SirsiDynix
- Type: Private
- Industry: Software
- Headquarters: Lehi, Utah, United States
- Area served: Worldwide
- Key people: Mike Nehren, Executive Vice President;
- Products: Integrated library systems
- Parent: Harris Computer, Constellation Software
- Website: www.sirsidynix.com

= SirsiDynix =

Software company

SirsiDynix is a United States company that produces integrated library system (ILS) software and associated services for libraries.

==Origins==
The Sirsi Corporation was founded in Huntsville, Alabama in 1979 by Mike Murdock, Jacky Young, and Jim Young. The Unicorn library automation system they developed was first installed at Georgia Tech. Sirsi acquired Data Research Associates (DRA) for $51.5 million in 2001.

The Dynix Corporation was founded in 1983. Their major product was the Dynix Automated Library System.
In January 1992, Dynix Systems was acquired by Ameritech. Dynix and NOTIS Systems (maker of NOTIS), which Ameritech purchased in October 1991, were consolidated into Ameritech Library Services (ALS) in 1994.
In November 1999, Ameritech sold Ameritech Library Systems to a pair of investment companies, the 21st Century Group and Green Leaf Ridge Company, which rebranded ALS as epixtech. In 2003, epixtech reverted to using the Dynix name.

==History==
SirsiDynix was formed by the merger of the Dynix Corporation and the Sirsi Corporation in June 2005. The company is based in Lehi, Utah, and employs approximately 400 in offices worldwide.

It was bought out by Vista Equity Partners in December 2006, a private equity firm based in San Francisco, California.

SirsiDynix and Stanford University libraries worked together for over a year to upgrade Stanford's library environment to support Asian and other multi-byte character sets.
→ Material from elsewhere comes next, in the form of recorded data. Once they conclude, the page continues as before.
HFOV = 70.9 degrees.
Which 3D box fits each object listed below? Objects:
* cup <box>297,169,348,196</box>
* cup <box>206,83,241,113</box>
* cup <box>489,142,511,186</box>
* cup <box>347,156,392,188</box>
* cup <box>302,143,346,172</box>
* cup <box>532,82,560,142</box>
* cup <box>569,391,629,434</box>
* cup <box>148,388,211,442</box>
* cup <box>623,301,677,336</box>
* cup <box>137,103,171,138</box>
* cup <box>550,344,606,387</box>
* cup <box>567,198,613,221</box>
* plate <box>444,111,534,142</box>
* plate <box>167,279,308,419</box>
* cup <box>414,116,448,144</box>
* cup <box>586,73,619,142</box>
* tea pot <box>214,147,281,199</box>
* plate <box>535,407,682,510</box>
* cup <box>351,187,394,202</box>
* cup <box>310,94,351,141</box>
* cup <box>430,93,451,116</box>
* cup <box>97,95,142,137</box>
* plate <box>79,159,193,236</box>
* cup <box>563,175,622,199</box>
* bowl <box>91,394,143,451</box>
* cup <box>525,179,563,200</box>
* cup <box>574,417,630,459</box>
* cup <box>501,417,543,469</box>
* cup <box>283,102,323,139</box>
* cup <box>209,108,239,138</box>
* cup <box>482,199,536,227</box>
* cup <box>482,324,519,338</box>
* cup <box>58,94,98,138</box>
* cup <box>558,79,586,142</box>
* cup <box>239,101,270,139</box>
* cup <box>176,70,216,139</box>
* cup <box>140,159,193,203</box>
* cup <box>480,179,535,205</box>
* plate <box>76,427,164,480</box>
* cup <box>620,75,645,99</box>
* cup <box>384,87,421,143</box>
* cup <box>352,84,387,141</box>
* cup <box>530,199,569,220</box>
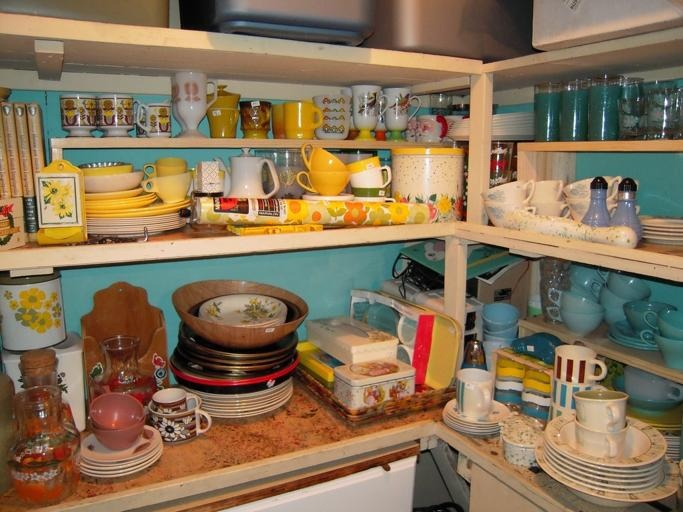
[{"bbox_3d":[-0.060,-0.208,1.446,0.122,0.054,0.100,-2,5,3],"label":"cup"},{"bbox_3d":[-0.384,-0.497,1.565,0.101,0.073,0.106,0,2,0],"label":"cup"},{"bbox_3d":[0.541,-0.312,1.611,0.101,0.140,0.069,-4,15,-2],"label":"cup"},{"bbox_3d":[0.086,-0.255,1.472,0.122,0.087,0.092,2,6,18],"label":"cup"},{"bbox_3d":[-0.061,-0.293,1.422,0.131,0.081,0.071,8,19,36],"label":"cup"},{"bbox_3d":[0.628,-0.437,1.462,0.079,0.170,0.050,6,18,32],"label":"cup"},{"bbox_3d":[0.650,0.387,1.183,0.116,0.084,0.141,1,-5,-4],"label":"cup"},{"bbox_3d":[-0.448,0.439,1.363,0.113,0.079,0.178,2,-2,25],"label":"cup"},{"bbox_3d":[0.957,0.175,1.475,0.117,0.068,0.115,-1,8,0],"label":"cup"},{"bbox_3d":[-0.583,-0.420,1.456,0.066,0.108,0.113,22,31,21],"label":"cup"},{"bbox_3d":[0.668,0.302,1.378,0.097,0.090,0.129,-3,8,-30],"label":"cup"},{"bbox_3d":[0.691,-0.137,1.327,0.069,0.049,0.074,-1,13,0],"label":"cup"},{"bbox_3d":[0.508,-0.443,1.671,0.333,0.091,0.159,6,17,31],"label":"plate"},{"bbox_3d":[-0.312,0.291,1.551,0.404,0.288,0.412,7,11,10],"label":"plate"},{"bbox_3d":[0.336,-0.486,1.860,0.126,0.105,0.093,-1,6,-13],"label":"cup"},{"bbox_3d":[0.750,-0.412,1.356,0.112,0.154,0.094,-17,19,-41],"label":"cup"},{"bbox_3d":[-0.291,-0.244,1.454,0.220,0.148,0.123,3,7,14],"label":"tea pot"},{"bbox_3d":[0.610,0.424,1.137,0.232,0.082,0.224,-12,17,-35],"label":"plate"},{"bbox_3d":[0.105,-0.184,1.514,0.093,0.033,0.062,1,4,-14],"label":"cup"},{"bbox_3d":[-0.066,-0.478,1.660,0.186,0.156,0.121,-5,21,-17],"label":"cup"},{"bbox_3d":[0.401,-0.654,2.064,0.100,0.109,0.098,1,19,0],"label":"cup"},{"bbox_3d":[-0.670,-0.422,1.440,0.128,0.116,0.096,-10,20,-41],"label":"cup"},{"bbox_3d":[-0.540,-0.159,1.312,0.209,0.197,0.315,2,16,20],"label":"plate"},{"bbox_3d":[0.699,-0.181,1.349,0.103,0.049,0.086,3,5,36],"label":"cup"},{"bbox_3d":[-0.607,0.427,1.285,0.129,0.106,0.146,-1,25,-31],"label":"bowl"},{"bbox_3d":[0.595,-0.193,1.401,0.061,0.057,0.079,-4,8,-34],"label":"cup"},{"bbox_3d":[0.639,0.450,1.148,0.088,0.088,0.133,-6,0,20],"label":"cup"},{"bbox_3d":[0.491,0.518,1.334,0.085,0.038,0.118,1,9,7],"label":"cup"},{"bbox_3d":[-0.123,-0.453,1.606,0.154,0.112,0.096,2,13,15],"label":"cup"},{"bbox_3d":[-0.376,-0.421,1.520,0.102,0.079,0.096,1,11,0],"label":"cup"},{"bbox_3d":[0.508,-0.127,1.425,0.103,0.045,0.082,4,6,5],"label":"cup"},{"bbox_3d":[0.569,0.266,1.689,0.072,0.036,0.070,0,1,0],"label":"cup"},{"bbox_3d":[-0.772,-0.409,1.408,0.104,0.110,0.101,2,11,0],"label":"cup"},{"bbox_3d":[0.677,-0.422,1.388,0.073,0.169,0.066,2,16,21],"label":"cup"},{"bbox_3d":[-0.288,-0.452,1.608,0.116,0.120,0.113,1,10,0],"label":"cup"},{"bbox_3d":[-0.458,-0.458,1.456,0.106,0.192,0.072,-9,16,-20],"label":"cup"},{"bbox_3d":[-0.491,-0.221,1.397,0.163,0.110,0.108,-8,17,-30],"label":"cup"},{"bbox_3d":[0.502,-0.184,1.425,0.099,0.049,0.083,1,7,26],"label":"cup"},{"bbox_3d":[-0.582,0.511,1.255,0.212,0.049,0.170,-6,15,-11],"label":"plate"},{"bbox_3d":[0.782,-0.451,1.306,0.060,0.063,0.059,2,1,0],"label":"cup"},{"bbox_3d":[0.215,-0.509,1.722,0.193,0.208,0.122,-4,16,-14],"label":"cup"},{"bbox_3d":[0.090,-0.499,1.680,0.143,0.173,0.119,-2,11,-5],"label":"cup"},{"bbox_3d":[0.607,-0.134,1.393,0.084,0.038,0.058,3,2,-5],"label":"cup"}]

SirsiDynix has also partnered with 3M to provide radio-frequency identification systems for libraries.

On October 29, 2009, the WikiLeaks Project obtained a document from SirsiDynix taking a negative view of open-source projects as compared to proprietary products, including risks of instability and insecurity. The document, which its author, Stephen Abrams, claimed was not intended to be secret, set off a debate on open source within the library technology community.

In May 2010, the company performed an upgrade of its systems at the Ottawa Public Library, involving a scheduled two-day closure of all library branches, accompanied by an 11-day shutdown of online systems. However, the actual upgrade required closure of the library system for an additional two days. Jan Harder, chair of Ottawa's library board, stated an intention to seek compensation from SirsiDynix for the unexpected additional upgrade work.

Bill Davison was named SirsiDynix CEO in October 2011.

In January 2015 ICV Partners announced their acquisition of SirsiDynix from Vista Equity Partners.

As of 2020, SirsiDynix was competing in both the academic library realm and in the public library space, where its Symphony product was very popular and its older Horizon ILS saw a decline in implementations from 2010 to 2020.

On December 24, 2024, SirsiDynix was acquired by Harris Computer, a subsidiary of Constellation Software based in Toronto, Canada. Unlike ICV Partners, who owned SirsiDynix previously, Constellation is a Vertical market software company that employs a “buy and hold” model, acquiring businesses and holding them in perpetuity.

==Products==
Integrated library system software supports various library functions: cataloging, circulation, acquisitions, reserves, outreach, etc. SirsiDynix currently supports two ILS products: Symphony (the successor of Unicorn) and Horizon.

- BLUEcloud LSP
SirsiDynix announced the BLUEcloud Library Services Platform (LSP) at the annual users group conference, COSUGI. It is a browser-based system that will integrate SirsiDynix's "administration, discovery, acquisition, and collection management applications." It can be accessed from a desktop, laptop, tablet or smart phone. BLUEcloud can integrate with both SaaS and locally hosted Horizon and Symphony systems. The BLUEcloud LSP is made up of three major components: BLUEcloud Staff, BLUEcloud Marketplace, and BLUEcloud Discovery. This approach will stop the duplication of data and will integrate all searches across products. The majority of the new features of BLUEcloud will be included in the annual maintenance fee.

- Other
Other products include Director's Station and Web Reporter.

Previous products include Unicorn, DialCat and SchoolRooms.